On the other side were angry denunciations from anti-wheat board monopoly campaigners.
In the lobby of the House of Commons, former wheat farmer and now Conservative MP Ted Menzies told reporters that the wheat board monopoly had cost his Claresholm, Alta., farm $1.5 million in lost revenues over the years.
During an evening cell phone call, southern Manitoba Conservative MP Brian Pallister denounced the Manitoba government decision to hold a plebiscite on the issue: “It is not a provincial issue, it is a meaningless vote and it is money they could be spending to actually support producers.”
And unsuccessful Saskatchewan anti-monopoly director candidate Vicki Dutton sent a missive complaining that reporters should have a mission to expose “untruths” in the system even if they are biased against the cause. One significant untruth she sees is the claim that the board is accountable to farmers through their directors.

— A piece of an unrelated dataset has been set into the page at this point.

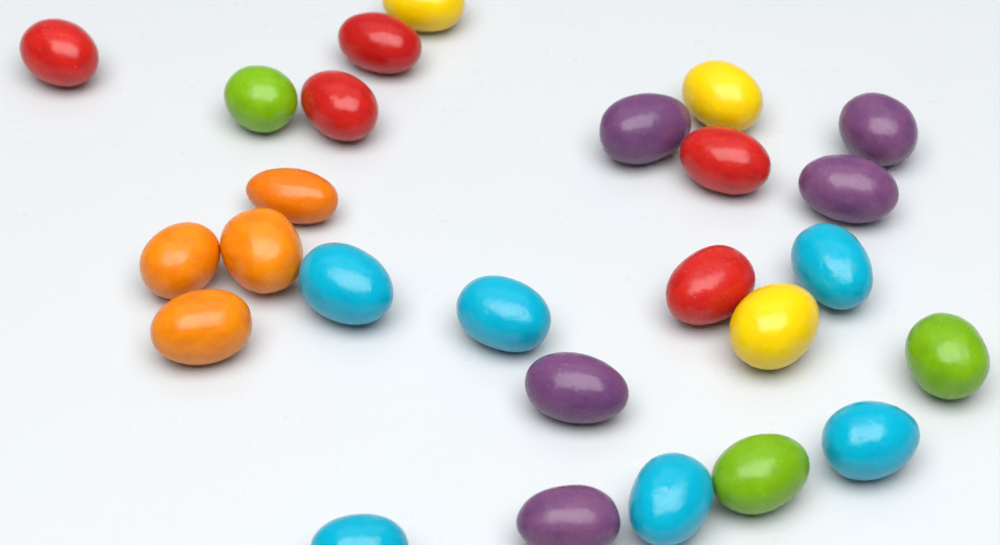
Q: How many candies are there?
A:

Her evidence is a March 17, 2005 submission by the CWB against a lawsuit launched by a group of prairie farmers against the board over its distribution of pool funds.
The CWB’s legal defence was that “the board is accountable only to Parliament and that neither the Board nor the Crown owe any duty to or are accountable to the (plaintiff farmers) as producers of wheat.”

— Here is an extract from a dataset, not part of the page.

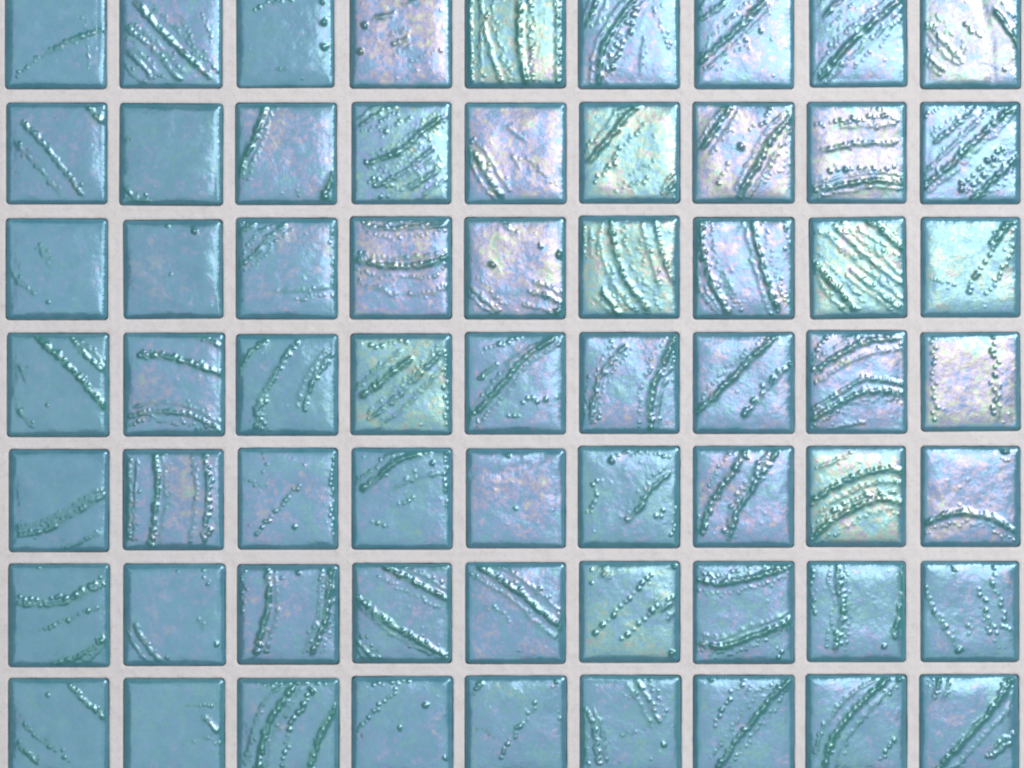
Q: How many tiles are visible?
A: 63

Case closed in the critics’ eyes. Lawyer weasel words may thrive on subtlety but it was a week during which CWB executives were claiming Strahl was overstepping his bounds because the 1998 Canadian Wheat Board Act amendments made the board responsible to producers through their directors. This claim of fidelity to Parliament was the smoking gun in a Big Lie.
So the week went.
The CWB descent into partisan politics won it no favours with the Conservatives but nothing could have.
The pro-monopoly result of the directors’ elections made the Conservatives look out-of-touch with western farm opinion.
And all sides are stuck with a flawed Liberal CWB Act rewrite in 1998 that gives all sides comfort and no side satisfaction – a board with a majority farmer-elected board that still allows the government to appoint directors, including the CEO, and still has the board responsible to Parliament.
It is as though the Liberals believed the board could be half pregnant.